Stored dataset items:
* * * *
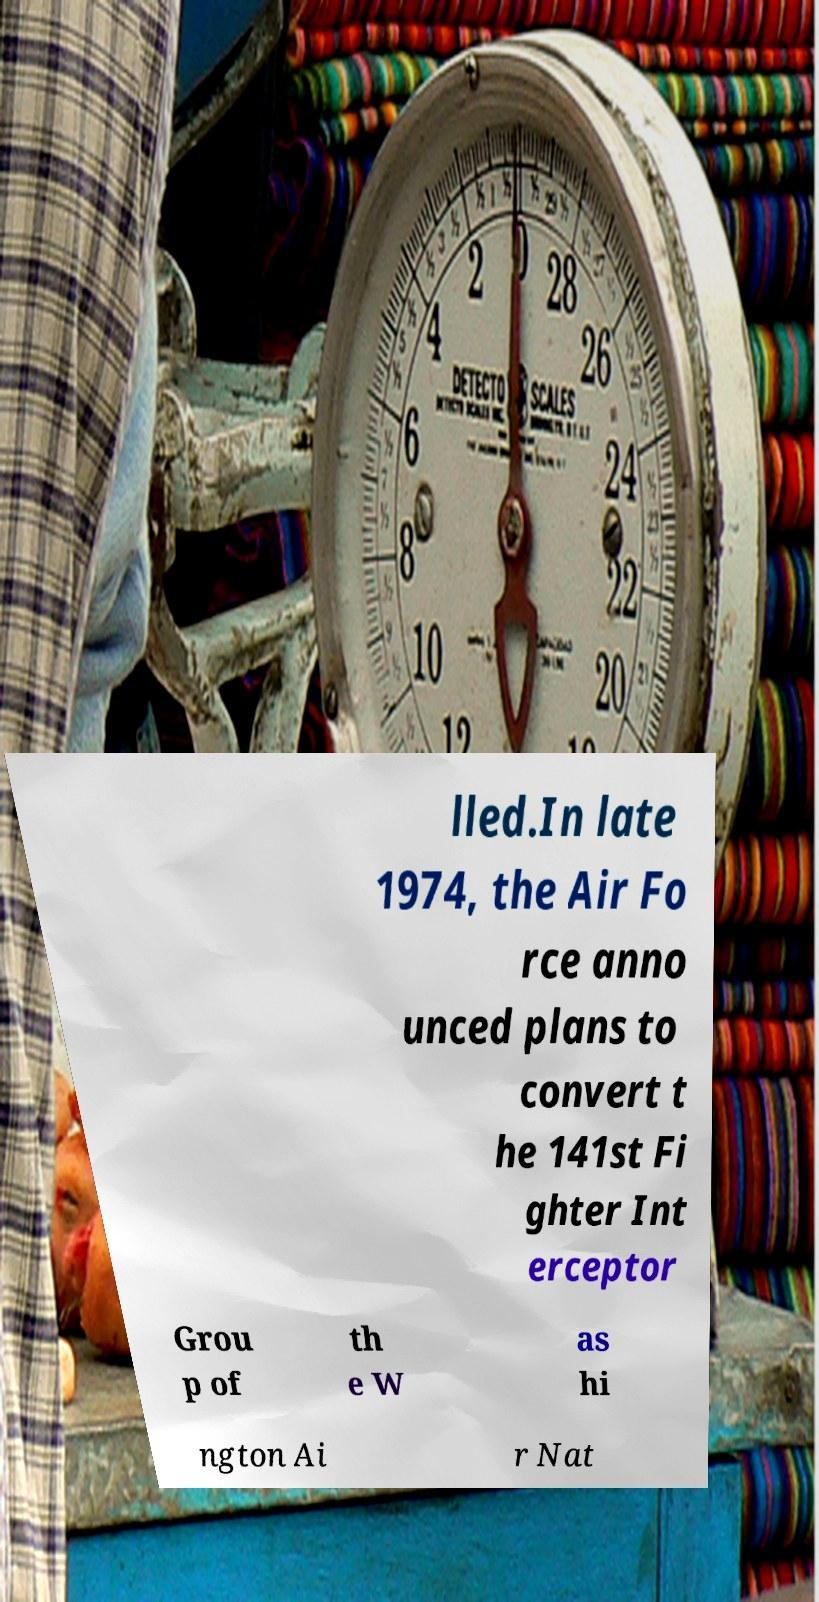Could you extract and type out the text from this image? lled.In late 1974, the Air Fo rce anno unced plans to convert t he 141st Fi ghter Int erceptor Grou p of th e W as hi ngton Ai r Nat 
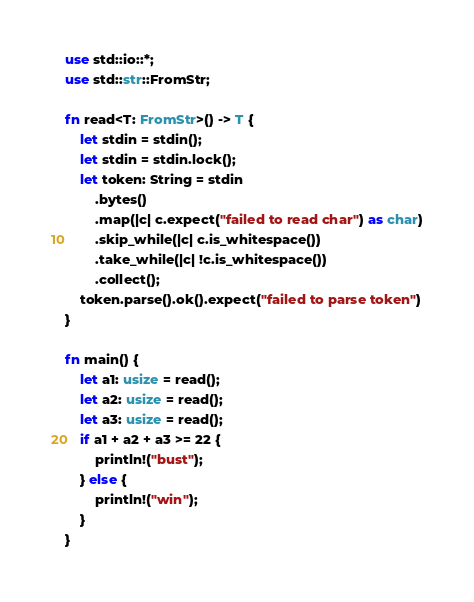Convert code to text. <code><loc_0><loc_0><loc_500><loc_500><_Rust_>use std::io::*;
use std::str::FromStr;

fn read<T: FromStr>() -> T {
    let stdin = stdin();
    let stdin = stdin.lock();
    let token: String = stdin
        .bytes()
        .map(|c| c.expect("failed to read char") as char)
        .skip_while(|c| c.is_whitespace())
        .take_while(|c| !c.is_whitespace())
        .collect();
    token.parse().ok().expect("failed to parse token")
}

fn main() {
    let a1: usize = read();
    let a2: usize = read();
    let a3: usize = read();
    if a1 + a2 + a3 >= 22 {
        println!("bust");
    } else {
        println!("win");
    }
}
</code> 
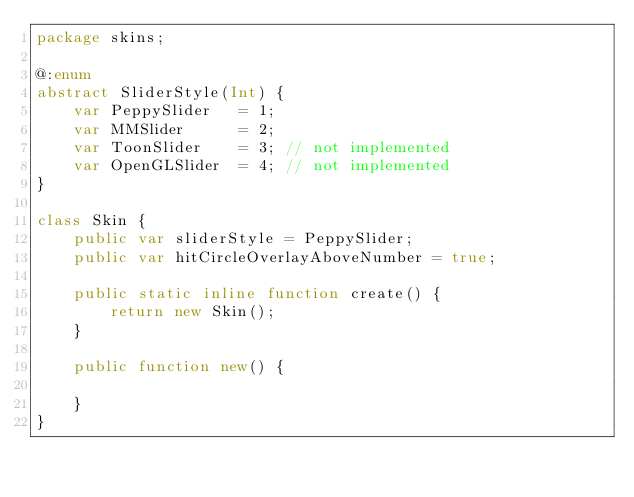Convert code to text. <code><loc_0><loc_0><loc_500><loc_500><_Haxe_>package skins;

@:enum
abstract SliderStyle(Int) {
    var PeppySlider   = 1;
    var MMSlider      = 2;
    var ToonSlider    = 3; // not implemented
    var OpenGLSlider  = 4; // not implemented
}

class Skin {
    public var sliderStyle = PeppySlider;
    public var hitCircleOverlayAboveNumber = true;

    public static inline function create() {
        return new Skin();
    }

    public function new() {

    }
}</code> 
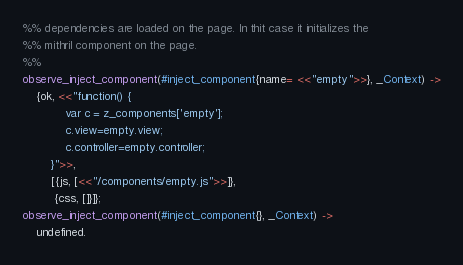Convert code to text. <code><loc_0><loc_0><loc_500><loc_500><_Erlang_>%% dependencies are loaded on the page. In thit case it initializes the
%% mithril component on the page.
%% 
observe_inject_component(#inject_component{name= <<"empty">>}, _Context) ->
    {ok, <<"function() {
            var c = z_components['empty'];
            c.view=empty.view;
            c.controller=empty.controller;
        }">>,
        [{js, [<<"/components/empty.js">>]},
         {css, []}]};
observe_inject_component(#inject_component{}, _Context) ->
    undefined.
</code> 
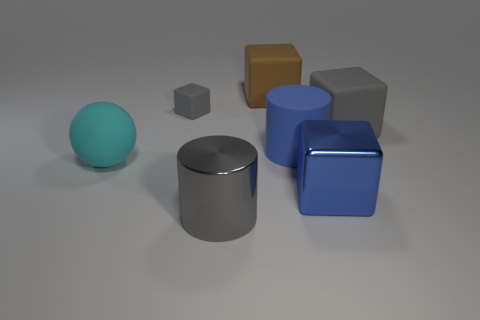Add 2 shiny cubes. How many objects exist? 9 Subtract all cylinders. How many objects are left? 5 Subtract 0 blue spheres. How many objects are left? 7 Subtract all matte spheres. Subtract all shiny cylinders. How many objects are left? 5 Add 4 gray rubber objects. How many gray rubber objects are left? 6 Add 2 blue things. How many blue things exist? 4 
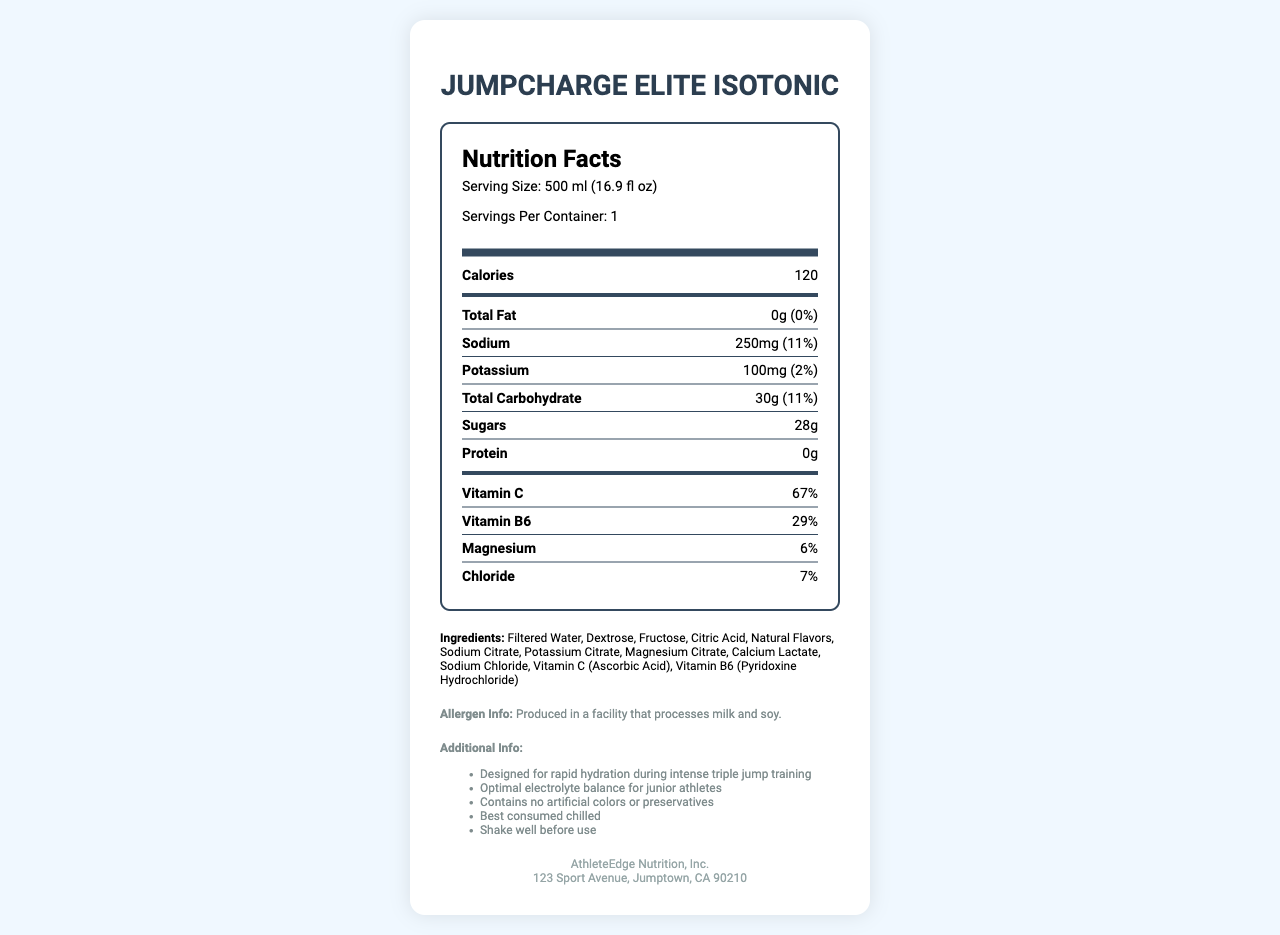what is the product name? The product name is clearly stated at the top of the document as "JumpCharge Elite Isotonic".
Answer: JumpCharge Elite Isotonic how many servings are there per container? The serving information indicates that there is 1 serving per container.
Answer: 1 what is the serving size? The serving size is specified as "500 ml (16.9 fl oz)" in the document.
Answer: 500 ml (16.9 fl oz) how many calories are in one serving? The nutrition facts section lists the calorie content as 120 per serving.
Answer: 120 calories how much sodium is in one serving? The amount of sodium per serving is listed as 250mg with a daily value of 11%.
Answer: 250mg what is the percentage of daily value for vitamin C? The daily value for vitamin C is given as 67%.
Answer: 67% what are the main ingredients in the drink? The document lists these ingredients: Filtered Water, Dextrose, Fructose, etc.
Answer: Filtered Water, Dextrose, Fructose, Citric Acid, Natural Flavors, Sodium Citrate, Potassium Citrate, Magnesium Citrate, Calcium Lactate, Sodium Chloride, Vitamin C (Ascorbic Acid), Vitamin B6 (Pyridoxine Hydrochloride) is there any fat in the drink? The total fat content is listed as 0g which means there is no fat in the drink.
Answer: No does the drink contain protein? The drink contains 0g of protein as stated in the nutrition facts.
Answer: No What is the daily value percentage of potassium in the drink? The daily value for potassium is listed as 2%.
Answer: 2% how should the drink be consumed for best results? A. Warm B. Room Temperature C. Chilled The additional information section specifies that the drink is best consumed chilled.
Answer: C. Chilled what allergen disclaimer is found on the label? A. Produced in a facility that processes peanuts B. Produced in a facility that processes milk and soy C. Contains nuts and dairy D. Free from common allergens The allergen information states that the product is produced in a facility that processes milk and soy.
Answer: B. Produced in a facility that processes milk and soy does the drink contain artificial colors or preservatives? The additional information specifies that the drink contains no artificial colors or preservatives.
Answer: No what is the total carbohydrate content per serving? The total carbohydrate content per serving is listed as 30g.
Answer: 30g what is the amount of sugars in one serving? The document states that there are 28g of sugars per serving.
Answer: 28g does the drink contain vitamin B6? The document lists Vitamin B6 (Pyridoxine Hydrochloride) as one of the ingredients.
Answer: Yes how much magnesium is in one serving? The daily value for magnesium is listed as 6%.
Answer: 6% of daily value is this drink suitable for junior athletes? The additional information specifies that the drink has an optimal electrolyte balance for junior athletes.
Answer: Yes who is the manufacturer of this drink? The manufacturer is listed as AthleteEdge Nutrition, Inc.
Answer: AthleteEdge Nutrition, Inc. what address is provided for the manufacturer? The document provides this address: 123 Sport Avenue, Jumptown, CA 90210.
Answer: 123 Sport Avenue, Jumptown, CA 90210 What is the main idea of the document? The document gives comprehensive nutrition facts about JumpCharge Elite Isotonic, highlighting its benefits for hydration and performance during intense triple jump training.
Answer: The document provides nutritional information for the sports drink JumpCharge Elite Isotonic, formulated to replenish electrolytes and designed for junior athletes. It details the serving size, calorie content, nutrients, ingredients, allergen info, and additional usage advice. What other products does AthleteEdge Nutrition, Inc. offer? The document does not provide details on other products offered by AthleteEdge Nutrition, Inc. It only focuses on JumpCharge Elite Isotonic.
Answer: Not enough information 
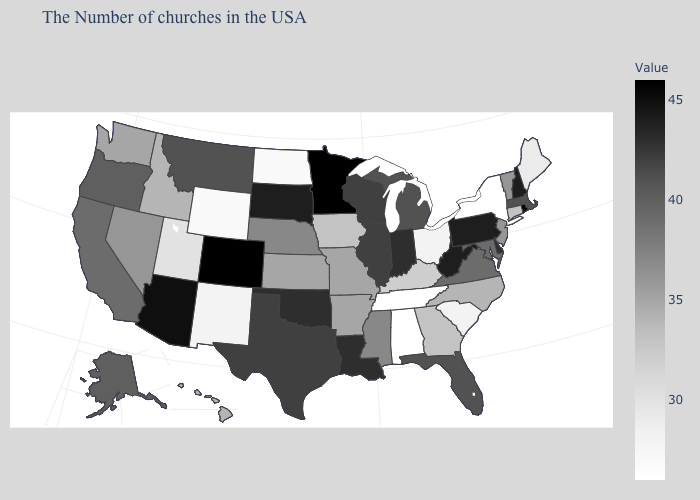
* * * *
Directions: Give the records back exactly, with no pictures.

Completed exercise:
Could you extract and type out the text from this image? lled.In late 1974, the Air Fo rce anno unced plans to convert t he 141st Fi ghter Int erceptor Grou p of th e W as hi ngton Ai r Nat 
Convert code to text. <code><loc_0><loc_0><loc_500><loc_500><_Rust_>use std::io::*;
use std::str::FromStr;

fn read<T: FromStr>() -> T {
    let stdin = stdin();
    let stdin = stdin.lock();
    let token: String = stdin
        .bytes()
        .map(|c| c.expect("failed to read char") as char)
        .skip_while(|c| c.is_whitespace())
        .take_while(|c| !c.is_whitespace())
        .collect();
    token.parse().ok().expect("failed to parse token")
}

fn main() {
    let a1: usize = read();
    let a2: usize = read();
    let a3: usize = read();
    if a1 + a2 + a3 >= 22 {
        println!("bust");
    } else {
        println!("win");
    }
}
</code> 
Convert code to text. <code><loc_0><loc_0><loc_500><loc_500><_Haxe_>package skins;

@:enum
abstract SliderStyle(Int) {
    var PeppySlider   = 1;
    var MMSlider      = 2;
    var ToonSlider    = 3; // not implemented
    var OpenGLSlider  = 4; // not implemented
}

class Skin {
    public var sliderStyle = PeppySlider;
    public var hitCircleOverlayAboveNumber = true;

    public static inline function create() {
        return new Skin();
    }

    public function new() {

    }
}</code> 
Convert code to text. <code><loc_0><loc_0><loc_500><loc_500><_Erlang_>%% dependencies are loaded on the page. In thit case it initializes the
%% mithril component on the page.
%% 
observe_inject_component(#inject_component{name= <<"empty">>}, _Context) ->
    {ok, <<"function() {
            var c = z_components['empty'];
            c.view=empty.view;
            c.controller=empty.controller;
        }">>,
        [{js, [<<"/components/empty.js">>]},
         {css, []}]};
observe_inject_component(#inject_component{}, _Context) ->
    undefined.
</code> 
Add 2 shiny cubes. How many objects exist? 9 Subtract all cylinders. How many objects are left? 5 Subtract 0 blue spheres. How many objects are left? 7 Subtract all matte spheres. Subtract all shiny cylinders. How many objects are left? 5 Add 4 gray rubber objects. How many gray rubber objects are left? 6 Add 2 blue things. How many blue things exist? 4 
what is the product name? The product name is clearly stated at the top of the document as "JumpCharge Elite Isotonic".
Answer: JumpCharge Elite Isotonic how many servings are there per container? The serving information indicates that there is 1 serving per container.
Answer: 1 what is the serving size? The serving size is specified as "500 ml (16.9 fl oz)" in the document.
Answer: 500 ml (16.9 fl oz) how many calories are in one serving? The nutrition facts section lists the calorie content as 120 per serving.
Answer: 120 calories how much sodium is in one serving? The amount of sodium per serving is listed as 250mg with a daily value of 11%.
Answer: 250mg what is the percentage of daily value for vitamin C? The daily value for vitamin C is given as 67%.
Answer: 67% what are the main ingredients in the drink? The document lists these ingredients: Filtered Water, Dextrose, Fructose, etc.
Answer: Filtered Water, Dextrose, Fructose, Citric Acid, Natural Flavors, Sodium Citrate, Potassium Citrate, Magnesium Citrate, Calcium Lactate, Sodium Chloride, Vitamin C (Ascorbic Acid), Vitamin B6 (Pyridoxine Hydrochloride) is there any fat in the drink? The total fat content is listed as 0g which means there is no fat in the drink.
Answer: No does the drink contain protein? The drink contains 0g of protein as stated in the nutrition facts.
Answer: No What is the daily value percentage of potassium in the drink? The daily value for potassium is listed as 2%.
Answer: 2% how should the drink be consumed for best results? A. Warm B. Room Temperature C. Chilled The additional information section specifies that the drink is best consumed chilled.
Answer: C. Chilled what allergen disclaimer is found on the label? A. Produced in a facility that processes peanuts B. Produced in a facility that processes milk and soy C. Contains nuts and dairy D. Free from common allergens The allergen information states that the product is produced in a facility that processes milk and soy.
Answer: B. Produced in a facility that processes milk and soy does the drink contain artificial colors or preservatives? The additional information specifies that the drink contains no artificial colors or preservatives.
Answer: No what is the total carbohydrate content per serving? The total carbohydrate content per serving is listed as 30g.
Answer: 30g what is the amount of sugars in one serving? The document states that there are 28g of sugars per serving.
Answer: 28g does the drink contain vitamin B6? The document lists Vitamin B6 (Pyridoxine Hydrochloride) as one of the ingredients.
Answer: Yes how much magnesium is in one serving? The daily value for magnesium is listed as 6%.
Answer: 6% of daily value is this drink suitable for junior athletes? The additional information specifies that the drink has an optimal electrolyte balance for junior athletes.
Answer: Yes who is the manufacturer of this drink? The manufacturer is listed as AthleteEdge Nutrition, Inc.
Answer: AthleteEdge Nutrition, Inc. what address is provided for the manufacturer? The document provides this address: 123 Sport Avenue, Jumptown, CA 90210.
Answer: 123 Sport Avenue, Jumptown, CA 90210 What is the main idea of the document? The document gives comprehensive nutrition facts about JumpCharge Elite Isotonic, highlighting its benefits for hydration and performance during intense triple jump training.
Answer: The document provides nutritional information for the sports drink JumpCharge Elite Isotonic, formulated to replenish electrolytes and designed for junior athletes. It details the serving size, calorie content, nutrients, ingredients, allergen info, and additional usage advice. What other products does AthleteEdge Nutrition, Inc. offer? The document does not provide details on other products offered by AthleteEdge Nutrition, Inc. It only focuses on JumpCharge Elite Isotonic.
Answer: Not enough information 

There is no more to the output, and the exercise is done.